When I noticed the article published on Wednesday in the Santa Barbara Independent widely publicizing the S.B. Bowl’s warning that any transferred Paul McCartney tickets would not be honored, I was compelled to write an email to the Bowl.

The process for acquiring tickets was on the surface welcomed and well thought out; it promised the idea that tickets would be acquirable in a fair and equitable way. Many of my friends and colleagues entered the lottery; not all of us got an award.

However, the actual process on the morning of the ticket sale suggested that some automated or bot process was at work actively competing to secure a transaction. In short, once verified and entering the system, the ticket selections would disappear when making the actual commitment to transaction, forcing the user to reselect another set of two seats and be denied again. The competition for the seats was digitally working faster than the app or a human set of clicks. My experience was extremely disappointing as I was unable to actually transact and buy two tickets after at least 8-10 different selections, all in a 10-minute span of total time. I finally received a generated error message that the seats were no longer available.

While I continued to try, the error message eventually changed that there were no longer any tickets available. And I continued to try periodically through the day until the “purchase time frame” was over at 10 p.m. All of my friends who received a lottery award did not get tickets.

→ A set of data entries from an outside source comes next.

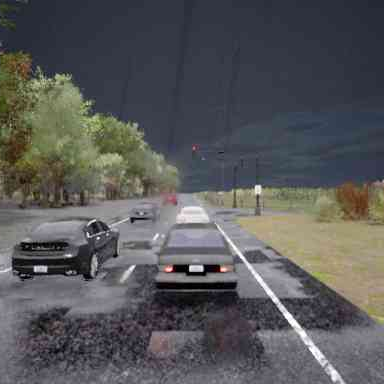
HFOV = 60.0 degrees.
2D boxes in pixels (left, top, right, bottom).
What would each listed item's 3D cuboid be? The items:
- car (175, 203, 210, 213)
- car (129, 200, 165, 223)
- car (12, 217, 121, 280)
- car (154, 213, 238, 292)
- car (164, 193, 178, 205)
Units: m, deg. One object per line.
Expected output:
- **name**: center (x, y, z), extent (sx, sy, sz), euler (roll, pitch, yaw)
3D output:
- **car**: center (0.037, 1.515, 18.606), extent (1.812, 1.442, 4.674), euler (0, 0, 0)
- **car**: center (-3.464, 1.533, 25.225), extent (2.033, 1.411, 5.357), euler (0, 0, 0)
- **car**: center (-3.424, 1.498, 9.932), extent (1.837, 1.490, 4.892), euler (0, 0, 0)
- **car**: center (0.077, 1.542, 9.022), extent (2.033, 1.411, 5.357), euler (0, 0, 0)
- **car**: center (-3.549, 1.183, 56.312), extent (2.150, 2.045, 5.566), euler (0, 0, 0)
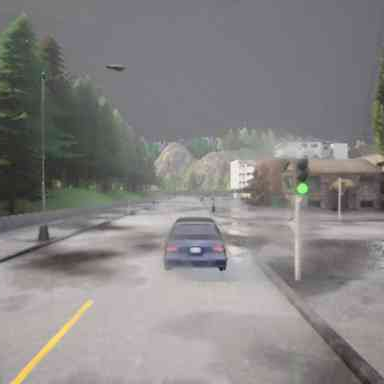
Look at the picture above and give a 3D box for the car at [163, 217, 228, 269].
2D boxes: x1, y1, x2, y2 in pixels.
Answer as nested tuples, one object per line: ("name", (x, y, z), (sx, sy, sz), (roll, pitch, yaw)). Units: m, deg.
("car", (0.092, 1.544, 11.059), (2.033, 1.411, 5.357), (0, 0, 0))
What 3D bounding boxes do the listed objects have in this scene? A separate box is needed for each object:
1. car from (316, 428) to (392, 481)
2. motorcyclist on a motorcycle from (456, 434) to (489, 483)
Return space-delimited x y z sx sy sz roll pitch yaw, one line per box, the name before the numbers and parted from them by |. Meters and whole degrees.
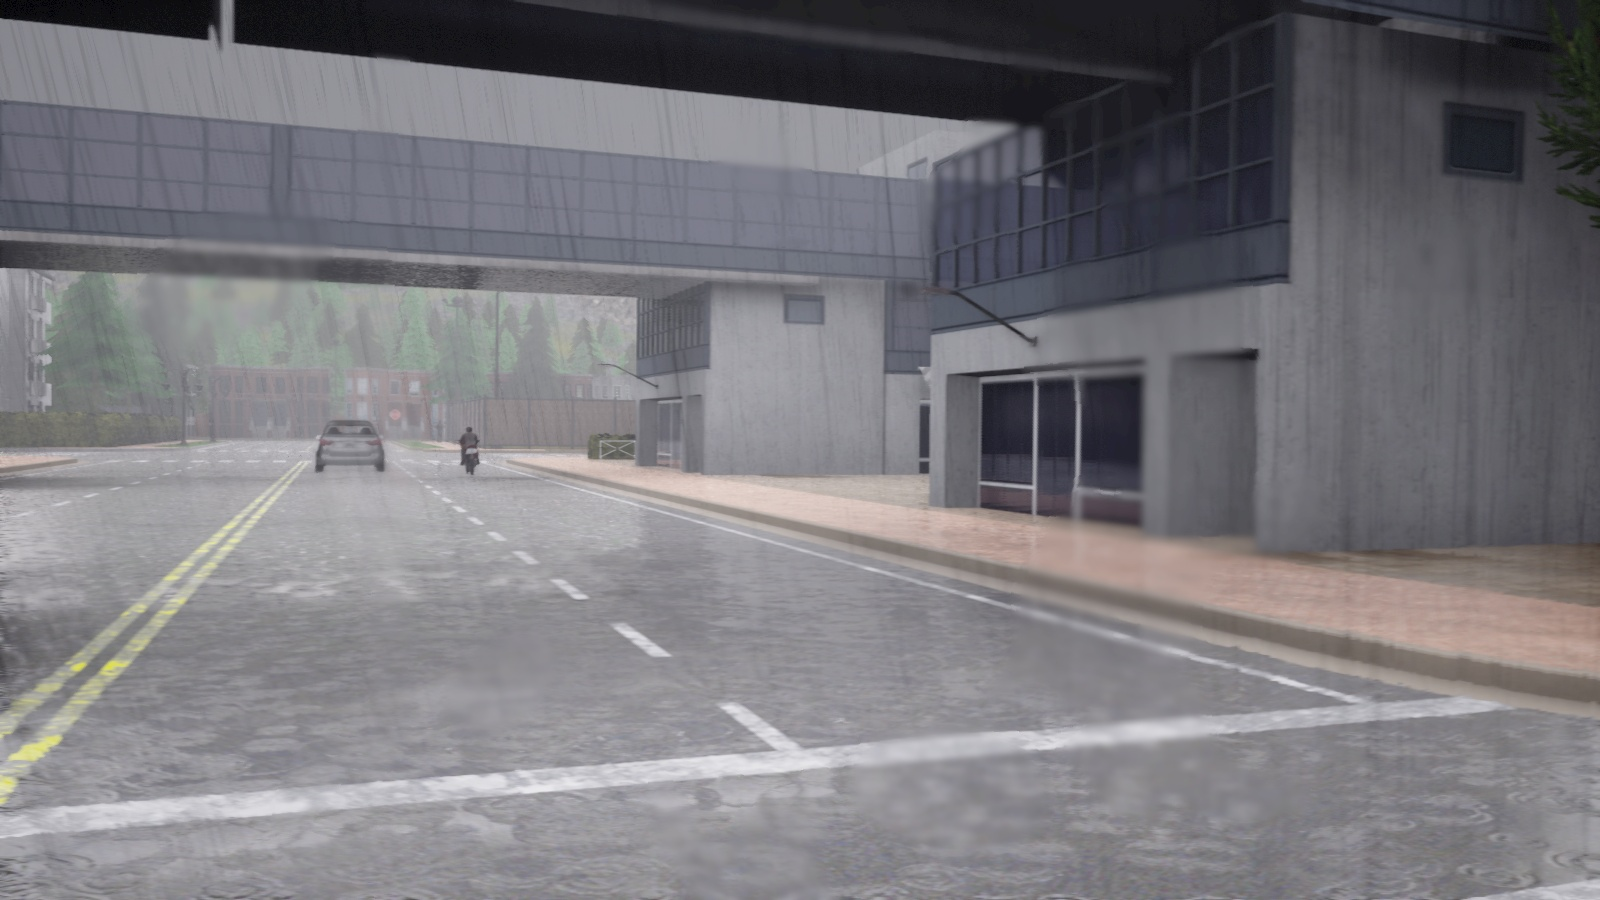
car | -15.022 0.117 42.282 2.242 1.667 4.611 -1 1 -20
motorcyclist on a motorcycle | -10.417 0.244 39.876 0.797 1.523 2.044 -1 1 -20
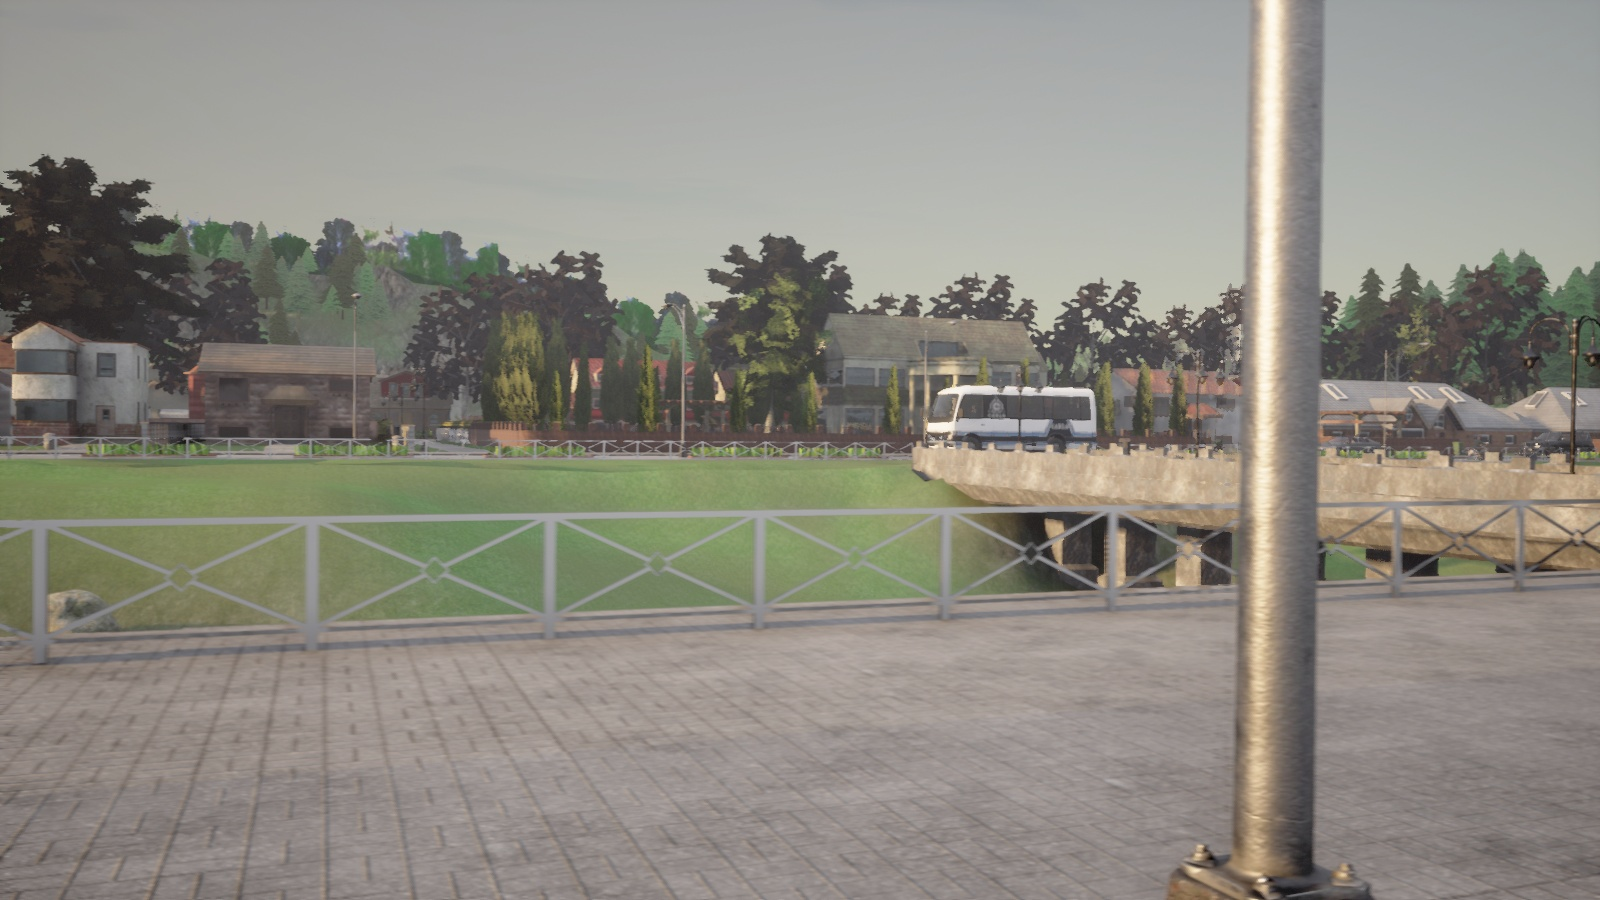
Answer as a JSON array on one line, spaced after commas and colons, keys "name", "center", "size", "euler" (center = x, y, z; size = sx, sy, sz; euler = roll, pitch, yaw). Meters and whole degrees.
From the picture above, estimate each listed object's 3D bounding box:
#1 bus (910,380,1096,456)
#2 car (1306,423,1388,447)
[{"name": "bus", "center": [12.018, -1.907, 74.311], "size": [10.273, 4.253, 3.944], "euler": [-1, 1, -21]}, {"name": "car", "center": [36.378, -0.981, 83.571], "size": [4.902, 1.511, 2.128], "euler": [-1, 1, -21]}]
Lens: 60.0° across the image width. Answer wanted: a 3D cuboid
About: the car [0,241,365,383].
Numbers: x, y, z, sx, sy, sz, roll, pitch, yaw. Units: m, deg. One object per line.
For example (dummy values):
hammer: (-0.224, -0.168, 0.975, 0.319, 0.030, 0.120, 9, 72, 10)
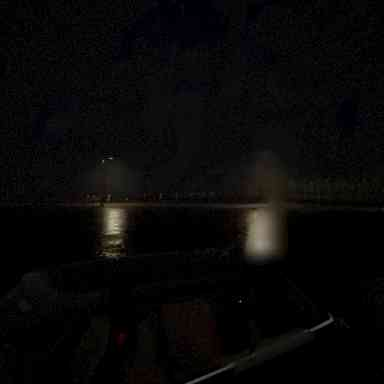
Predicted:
car: (-0.756, 1.354, 2.408, 4.553, 1.767, 2.097, 0, 0, -36)
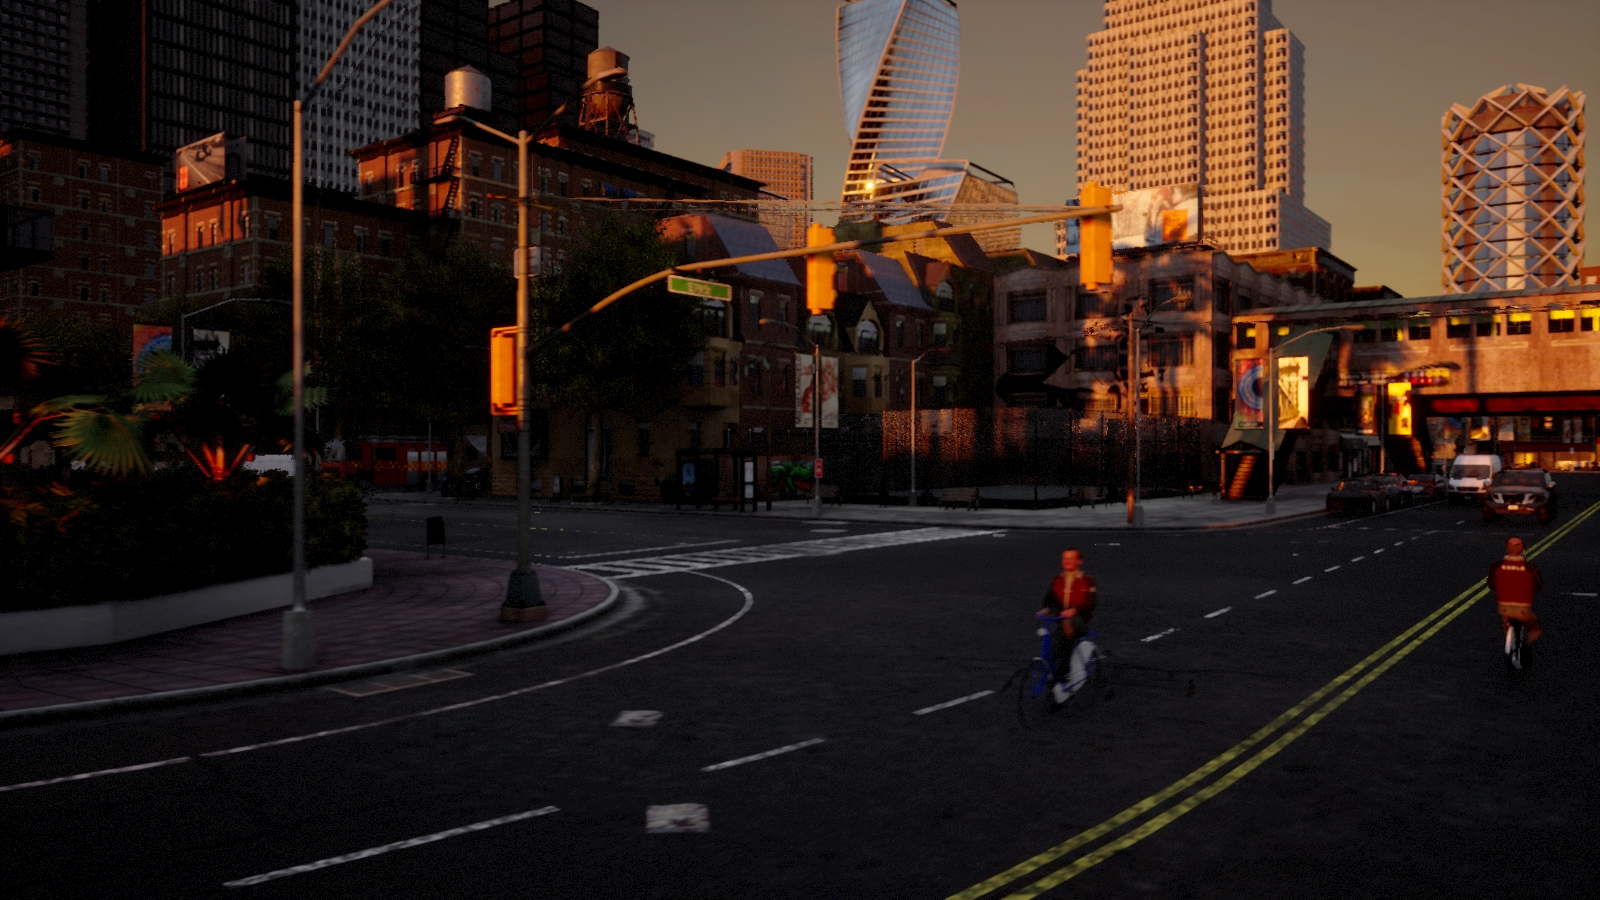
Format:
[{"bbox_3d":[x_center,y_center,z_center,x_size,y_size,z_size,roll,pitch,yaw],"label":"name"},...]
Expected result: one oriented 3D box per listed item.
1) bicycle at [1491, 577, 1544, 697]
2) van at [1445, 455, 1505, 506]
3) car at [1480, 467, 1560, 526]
[{"bbox_3d":[8.659,2.213,13.765,0.329,1.171,1.835,0,0,38],"label":"bicycle"},{"bbox_3d":[35.588,1.547,60.169,1.988,2.561,5.915,0,0,38],"label":"van"},{"bbox_3d":[28.618,1.783,45.333,2.150,2.045,5.566,0,1,38],"label":"car"}]
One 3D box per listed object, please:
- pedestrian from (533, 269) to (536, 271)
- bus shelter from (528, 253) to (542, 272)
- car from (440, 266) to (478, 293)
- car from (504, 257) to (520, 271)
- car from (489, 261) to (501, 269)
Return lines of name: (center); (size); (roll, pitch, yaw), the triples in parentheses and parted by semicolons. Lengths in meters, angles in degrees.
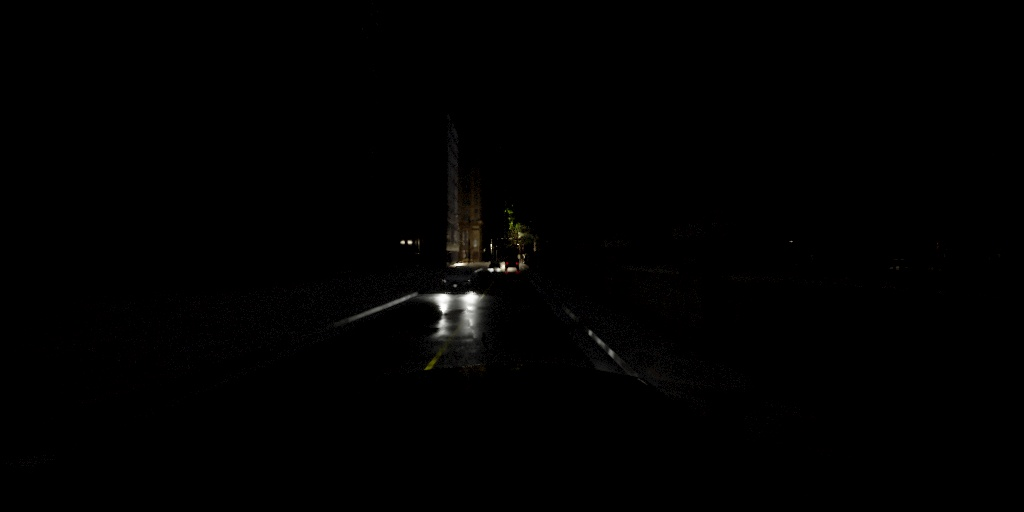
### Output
pedestrian: (3.130, 1.104, 49.363); (0.375, 1.860, 0.375); (0, 0, -15)
bus shelter: (3.131, 0.824, 46.793); (1.920, 2.740, 3.880); (0, 0, 0)
car: (-3.102, 1.358, 21.894); (1.812, 1.442, 4.674); (0, 0, 0)
car: (0.007, 1.218, 56.022); (2.150, 2.045, 5.566); (0, -1, 0)
car: (-3.028, 1.606, 64.041); (1.994, 1.385, 4.181); (0, 0, 0)
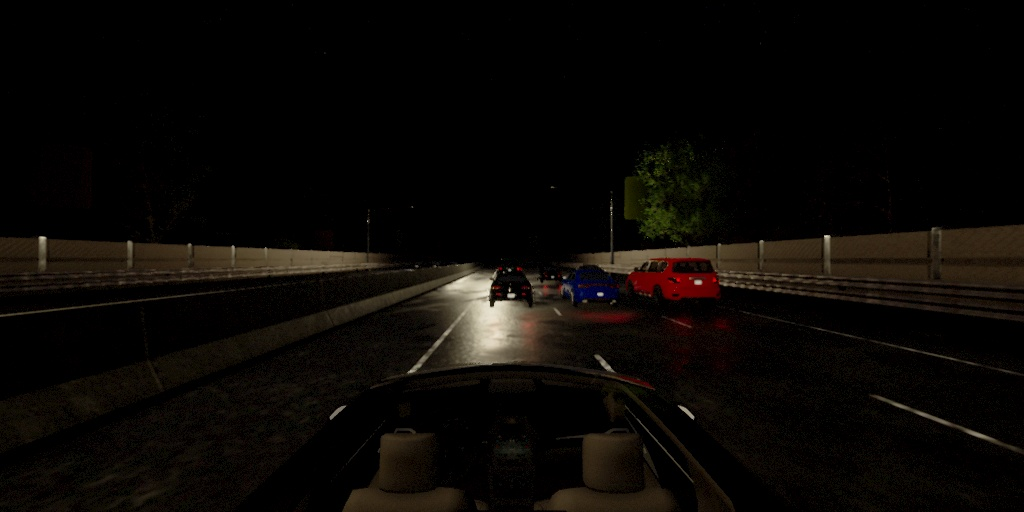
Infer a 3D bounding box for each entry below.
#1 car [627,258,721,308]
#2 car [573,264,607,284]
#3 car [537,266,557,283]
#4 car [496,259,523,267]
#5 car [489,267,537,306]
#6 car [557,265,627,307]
[{"bbox_3d":[6.957,1.103,16.101,2.150,2.045,5.566,0,0,0],"label":"car"},{"bbox_3d":[6.784,1.513,31.673,1.882,1.535,5.008,0,0,-1],"label":"car"},{"bbox_3d":[3.285,1.559,31.516,1.812,1.442,4.674,0,0,-1],"label":"car"},{"bbox_3d":[-0.213,1.245,31.107,2.150,2.045,5.566,0,0,-1],"label":"car"},{"bbox_3d":[-0.040,1.415,16.423,1.812,1.442,4.674,0,0,0],"label":"car"},{"bbox_3d":[3.460,1.368,16.540,1.882,1.535,5.008,0,0,0],"label":"car"}]
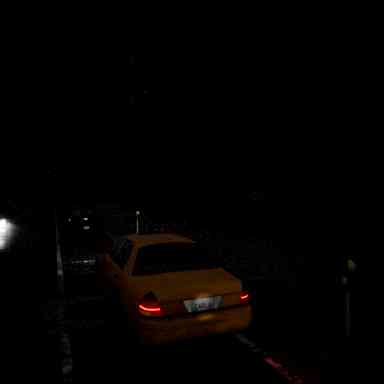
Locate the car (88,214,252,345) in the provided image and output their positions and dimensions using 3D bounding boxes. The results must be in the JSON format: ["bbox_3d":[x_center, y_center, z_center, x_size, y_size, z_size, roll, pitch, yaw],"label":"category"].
[{"bbox_3d":[-0.841,1.457,6.750,1.801,1.575,5.366,0,0,-23],"label":"car"}]

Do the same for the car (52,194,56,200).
[{"bbox_3d":[-31.731,1.470,79.499,1.967,1.590,4.097,0,0,-24],"label":"car"}]

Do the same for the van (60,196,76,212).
[{"bbox_3d":[-14.609,1.343,39.085,1.690,1.788,3.998,0,0,-23],"label":"van"}]

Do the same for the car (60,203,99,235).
[{"bbox_3d":[-6.122,1.551,18.686,2.008,1.369,4.403,0,0,-23],"label":"car"}]

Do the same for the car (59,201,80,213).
[{"bbox_3d":[-8.244,1.552,23.785,2.008,1.369,4.403,0,0,-23],"label":"car"}]

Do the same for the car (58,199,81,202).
[{"bbox_3d":[-10.365,1.567,28.885,1.947,1.339,4.313,0,0,-23],"label":"car"}]

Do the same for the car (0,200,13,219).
[{"bbox_3d":[-16.825,1.493,28.938,2.128,1.511,4.902,0,0,-22],"label":"car"}]

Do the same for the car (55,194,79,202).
[{"bbox_3d":[-12.487,1.316,33.986,2.192,1.841,5.009,0,0,-23],"label":"car"}]

I sincerely implore you to deny entry to ticket holders that cannot show their matching identification, with a photo ID, for one of the two ticket holders. I would ask the Bowl to inform participants in the original lottery process how many lottery awarders have actually completed a purchase of a ticket (90%?, 80%?) to prove transparency in its methods. The process is very suspect or remains exposed to have your everyday fan and S.B. Bowl patron left on the sidelines because automated and coordinated ticket resellers have more sophisticated technologies that break through a well intended set of tools.

Your security tonight will have a difficult job for ticket holders who may have paid significantly for tickets who legitimately should be turned away. And you may risk a stadium that is not actually at capacity for what might be a historic evening. I hope you can bring these kinds of artists to the Bowl in the future. I just wish that locals can actually attend without extreme expense or extreme disappointment.

Elizabeth Orona is a local, a member of the Solvang City Council, and a Beatles fan.